Ask yourself: How can I collaborate to build something that’s actionable?
Engage users in HR right from the start. Gather insight from HR employees about where there are challenges or bottlenecks that ML could help with. By collaborating early you can understand what the business needs and how best to get the result.
Aim for use cases that are positive, that people can really champion. Asking employees to get behind a scheme that monitors which of them are performing poorly won’t get as much traction as something that actually helps everyone do their job (like a digital assistant). You want to optimise the business rather than monitor the business.
Once you’ve got buy-in from management and users, what are the other potential blockers?
Blocker 4: Data quality and maturity
If you want to start getting valuable insights, you need good data quality. If there’s been an acquisition or merger, then there’s likely to be duplication and incomplete records, as well as legacy data systems that don’t easily talk to each other.
There’s also the matter of historical data sets. If you’re looking to analyse trends over time, you need several years’ worth of data. It seems obvious, but you can’t get a trend over 10 years unless you have complete data going back 10 years.
Ask yourself: How can we change the way we work to create high-quality data?
There’s no magic wand for this. Improving data quality often needs an investment in the source HR systems. That of course brings its own benefits - making routine reporting much easier and less time-consuming, for example.
But there’s no path to data-driven decision making that doesn’t start by climbing the hill of getting the data coherent and robust. Once that is done, the benefits can be concrete and huge - a tiny reduction in employee churn at a big company can save tens of millions each year.

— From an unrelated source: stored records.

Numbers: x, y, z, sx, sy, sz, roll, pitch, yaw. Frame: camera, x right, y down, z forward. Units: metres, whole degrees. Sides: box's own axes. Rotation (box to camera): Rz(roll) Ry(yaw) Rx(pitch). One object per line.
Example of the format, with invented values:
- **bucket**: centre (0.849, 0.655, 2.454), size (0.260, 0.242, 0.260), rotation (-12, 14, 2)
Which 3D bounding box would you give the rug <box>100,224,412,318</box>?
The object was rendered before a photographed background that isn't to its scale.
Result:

Blocker 5: GDPR and compliance
The GDPR has been on everyone’s mind since it was introduced in 2018. The rule is that you can’t make an automated decision without the consent of those affected by it. But you can still use machine learning to make a prediction which helps a manager make a better decision.

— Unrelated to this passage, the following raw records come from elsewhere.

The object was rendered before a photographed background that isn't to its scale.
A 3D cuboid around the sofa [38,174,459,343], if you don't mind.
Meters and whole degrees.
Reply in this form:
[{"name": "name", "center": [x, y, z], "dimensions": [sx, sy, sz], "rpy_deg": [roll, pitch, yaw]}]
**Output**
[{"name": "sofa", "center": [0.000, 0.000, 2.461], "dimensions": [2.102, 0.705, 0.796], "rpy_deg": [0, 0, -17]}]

Still, snags remain. How do you prove the manager wasn’t unduly influenced? That the model was transparent and didn’t suffer from bias? There are ethical and accountability considerations that may put people off.
Ask Yourself: How do we produce ethically sound data-science models?
The answer lies in a formal review process before algorithms are made live. Build a diverse ethics committee which signs off AI or ML models. That means the data scientists have to explain how the models work, and managers will have to explain how they are using the insights. This is not just tick-box compliance: these steps are vital to building trust and getting full buy-in.